Gross profit decreased by approximately $564,000, or 2.8%, to approximately $19.4 million for the quarter ended September 30, 2012, from approximately $19.9 million for the quarter ended September 30, 2011. For the six months ended September 30, 2012 gross profit decreased by approximately $2.3 million, or 5.4%, to approximately $41.7 million, compared to $44.0 million for the same period in the prior year. Gross profit as a percentage of sales was 33.3% and 34.2% for the three months ended September 30, 2012 and 2011, respectively, and for the six months ended September 30, 2012 and 2011, gross profit was 32.8% and 33.4%, respectively. The percentage decreases can be mainly attributed to an increase to shipping expenses.

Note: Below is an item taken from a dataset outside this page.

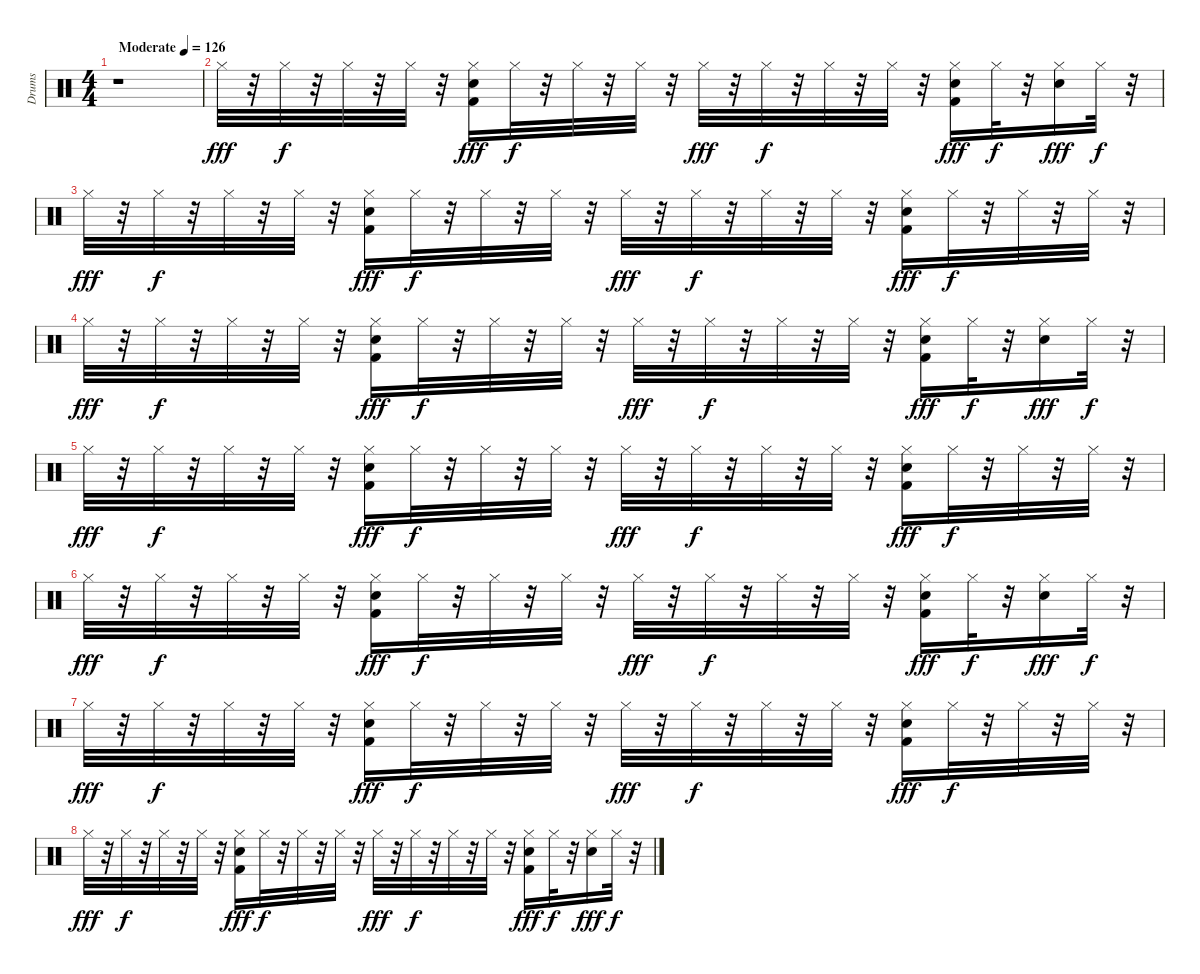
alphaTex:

Advertising expenses decreased by approximately $480,000, or 6.1%, to approximately $7.4 million for the quarter ended September 30, 2012, from approximately $7.9 million for the quarter ended September 30, 2011. For the six months ended September 30, 2012, advertising expenses decreased by approximately $730,000, or 4.1%, to approximately $17.3 million compared to advertising expenses of approximately $18.0 million for the six months ended September 30, 2011. The decrease in advertising expenses for the three and six months ended September 30, 2012 can be attributed to reduced advertising due to the unavailability of television remnant space inventory. The advertising costs of acquiring a new customer, defined as total advertising costs divided by new customers acquired, decreased to $42 for the quarter ended September 30, 2012, compared to $43 for the quarter ended September 30, 2011. For the six months ended September 30, 2012 the advertising costs of acquiring a new customer increased to $46, compared to $44 for the same period in the prior year. Advertising cost of acquiring a new customer can be impacted by the advertising environment, the effectiveness of our advertising creative, increased advertising spending, and price competition. Historically, the advertising environment fluctuates due to supply and demand. A more favorable advertising environment may positively impact future new order sales, whereas a less favorable advertising environment may negatively impact future new order sales.